The claim that Intel has a
The claim that Intel has a ‘smaller’ process is hilarious. There are ZERO industry standards for defining a ‘process’- a fact Intel exploits when describing its chips as 22nm.
Ask yourself a question. Why is Intel’s transistor density (transistors per mm2) LOWER on its 22nm process than TSMC’s 28nm half-node process? And Intel uses FinFETS, which are smaller than traditional transistors anyway.

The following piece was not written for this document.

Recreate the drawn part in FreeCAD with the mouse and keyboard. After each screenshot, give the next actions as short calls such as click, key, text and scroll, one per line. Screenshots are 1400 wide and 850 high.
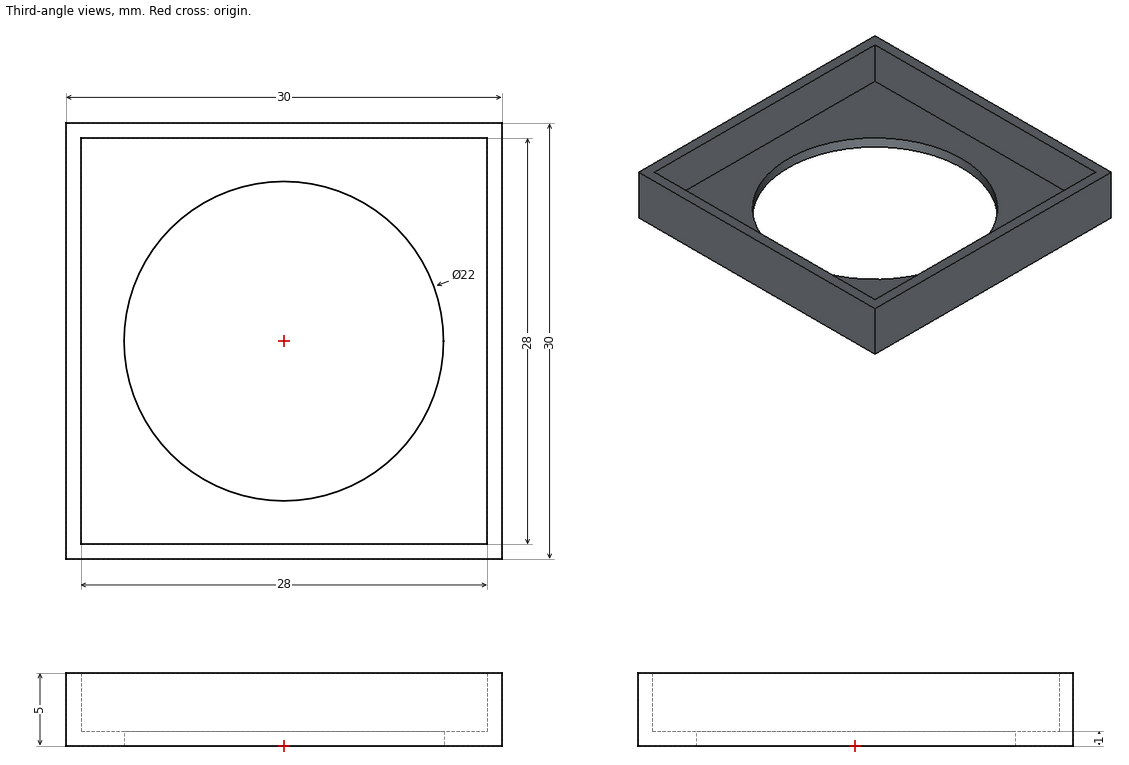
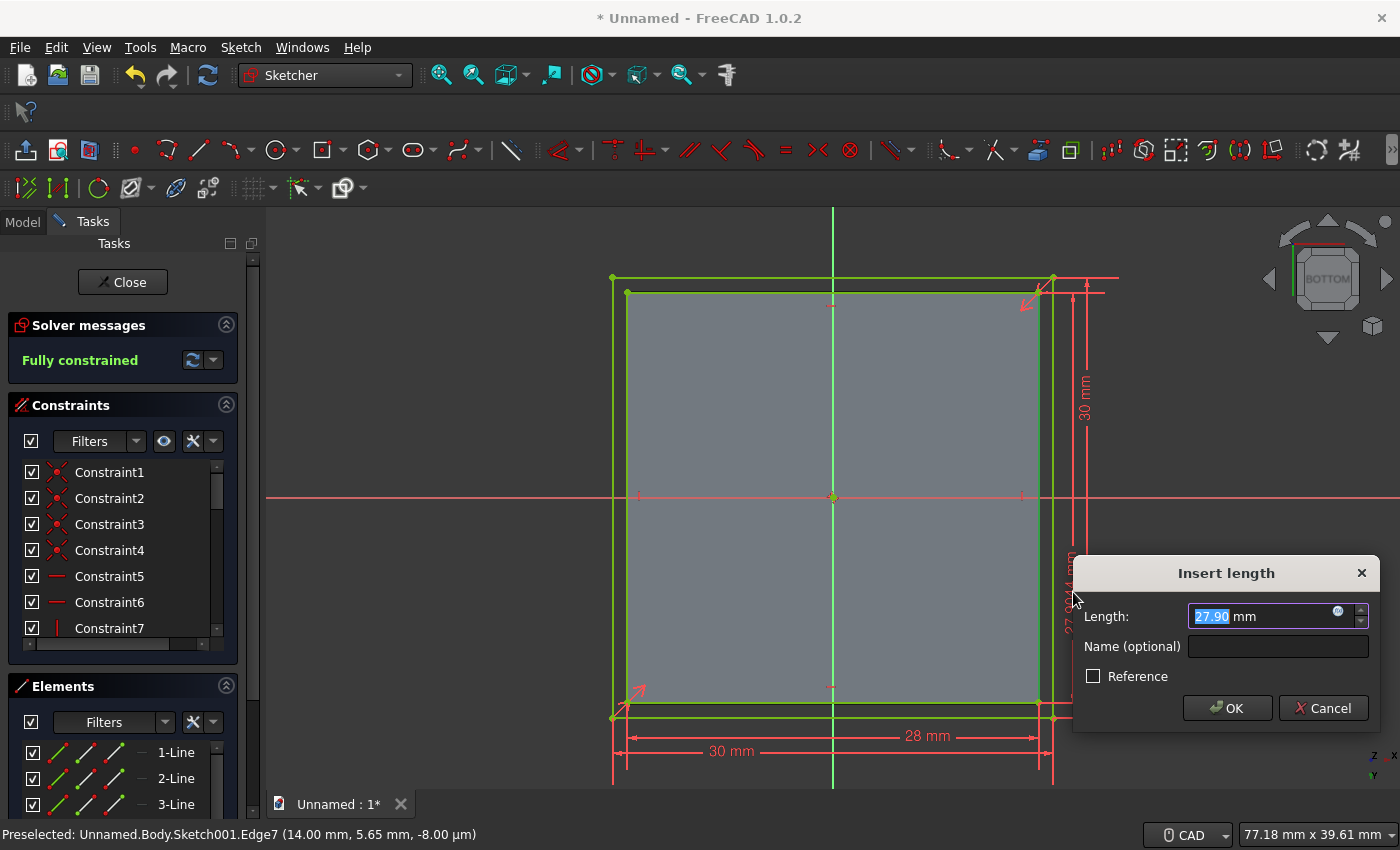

Intel’s process is good for exactly one thing- making power efficient x86 parts. Other types of chip on Intel’s process have proven to be terrible, which is why no major ARM SoC company has partnered with Intel to use its incredible amounts of spare foundry space. You think Nvidia, for instance, wouldn’t jump ship from TSMC to Intel, if Intel could actually fabricate a decent non-x86 chip?
Nvidia is partnering with
Nvidia is partnering with IBM, and IBM’s technology foundations, including the IBM’s OpenPower consortium. I would expect if Nvidia Licenses the Power IP/ISA from IBM that Nvidia could have a more powerfull CPU competitor and chip fab process by working with Samsung and GlobalFoundrys(Both part of IBM’s technology shareing consortium/foundations). NvLink being derived from IBM’s CAPI (Coherent Accelerator Processor Initiative). IBM is spreading a lot of its chip fab IP, and power ISA IP around these days, in preperation of IBM getting out of the fab business(except for IBM’s research FAB unit). IBM’s chip fab process and technology shareing has helped both Samsung and GlobalFoundrys, and will provide IBM with a steady supply of power based CPU parts at the 14nm node, this IBM tech sharing will have side benifits for both AMD and Nvidia, and anyone that uses Samsung or GlobalFoundrys for their foundry work. Hopefully AMD will bring HSA and hUMA to their next iteration after the Beema and Mullins SKUs.
I hope these new chips will
I hope these new chips will make my linux gaming rig fly! Can’t wait for the release, been wanting a linux based laptop for a long time.
I had an AMD CPU BACK IN
I had an AMD CPU BACK IN 1999-early 2000`s
Any word on availability or
Any word on availability or pricing?